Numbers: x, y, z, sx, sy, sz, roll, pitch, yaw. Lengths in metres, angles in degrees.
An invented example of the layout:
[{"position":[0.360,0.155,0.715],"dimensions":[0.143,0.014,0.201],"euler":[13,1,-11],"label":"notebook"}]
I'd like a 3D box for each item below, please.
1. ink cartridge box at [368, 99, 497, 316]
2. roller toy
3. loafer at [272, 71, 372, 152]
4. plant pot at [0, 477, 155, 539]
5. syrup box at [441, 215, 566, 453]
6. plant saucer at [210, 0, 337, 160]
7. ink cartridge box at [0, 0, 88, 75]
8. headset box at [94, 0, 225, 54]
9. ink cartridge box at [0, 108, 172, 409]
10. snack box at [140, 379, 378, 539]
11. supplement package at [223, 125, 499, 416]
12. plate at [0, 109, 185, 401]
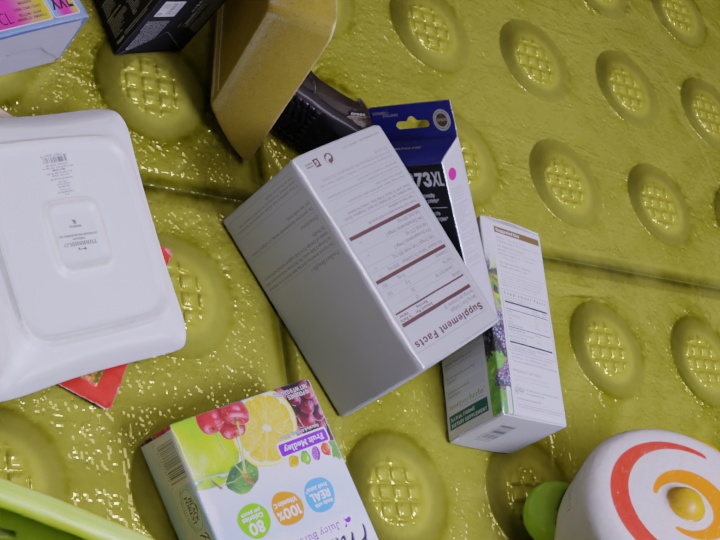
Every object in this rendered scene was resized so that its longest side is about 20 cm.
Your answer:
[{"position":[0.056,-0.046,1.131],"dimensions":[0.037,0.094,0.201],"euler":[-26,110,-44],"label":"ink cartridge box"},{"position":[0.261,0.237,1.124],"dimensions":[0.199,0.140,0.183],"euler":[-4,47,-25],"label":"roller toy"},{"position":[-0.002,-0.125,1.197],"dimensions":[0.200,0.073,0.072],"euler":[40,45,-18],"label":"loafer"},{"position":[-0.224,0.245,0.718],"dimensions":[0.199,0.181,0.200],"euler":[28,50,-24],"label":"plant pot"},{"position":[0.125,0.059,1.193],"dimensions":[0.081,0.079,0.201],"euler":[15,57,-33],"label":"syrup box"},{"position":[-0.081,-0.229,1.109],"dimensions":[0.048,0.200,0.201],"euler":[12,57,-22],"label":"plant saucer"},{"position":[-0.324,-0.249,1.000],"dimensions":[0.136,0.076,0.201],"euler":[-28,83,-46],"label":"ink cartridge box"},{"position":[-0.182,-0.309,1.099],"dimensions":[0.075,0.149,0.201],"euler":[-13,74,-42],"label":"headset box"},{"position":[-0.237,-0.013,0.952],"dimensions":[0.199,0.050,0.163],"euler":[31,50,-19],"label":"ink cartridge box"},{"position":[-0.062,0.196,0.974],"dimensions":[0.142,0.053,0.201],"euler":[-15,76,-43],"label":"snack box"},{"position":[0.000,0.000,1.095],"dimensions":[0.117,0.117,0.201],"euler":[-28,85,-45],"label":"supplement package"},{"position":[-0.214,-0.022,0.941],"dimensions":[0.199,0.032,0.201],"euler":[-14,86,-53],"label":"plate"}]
━━━━━━
Task directions: Only exact lines belong in the answer: those from the beginning of the entries above through the line holding "Every object in", with no pictures.

Your solution:
Numbers: x, y, z, sx, sy, sz, roll, pitch, yaw. Lengths in metres, angles in degrees.
An invented example of the layout:
[{"position":[0.360,0.155,0.715],"dimensions":[0.143,0.014,0.201],"euler":[13,1,-11],"label":"notebook"}]
I'd like a 3D box for each item below, please.
1. ink cartridge box at [368, 99, 497, 316]
2. roller toy
3. loafer at [272, 71, 372, 152]
4. plant pot at [0, 477, 155, 539]
5. syrup box at [441, 215, 566, 453]
6. plant saucer at [210, 0, 337, 160]
7. ink cartridge box at [0, 0, 88, 75]
8. headset box at [94, 0, 225, 54]
9. ink cartridge box at [0, 108, 172, 409]
10. snack box at [140, 379, 378, 539]
11. supplement package at [223, 125, 499, 416]
12. plate at [0, 109, 185, 401]
Every object in this rendered scene was resized so that its longest side is about 20 cm.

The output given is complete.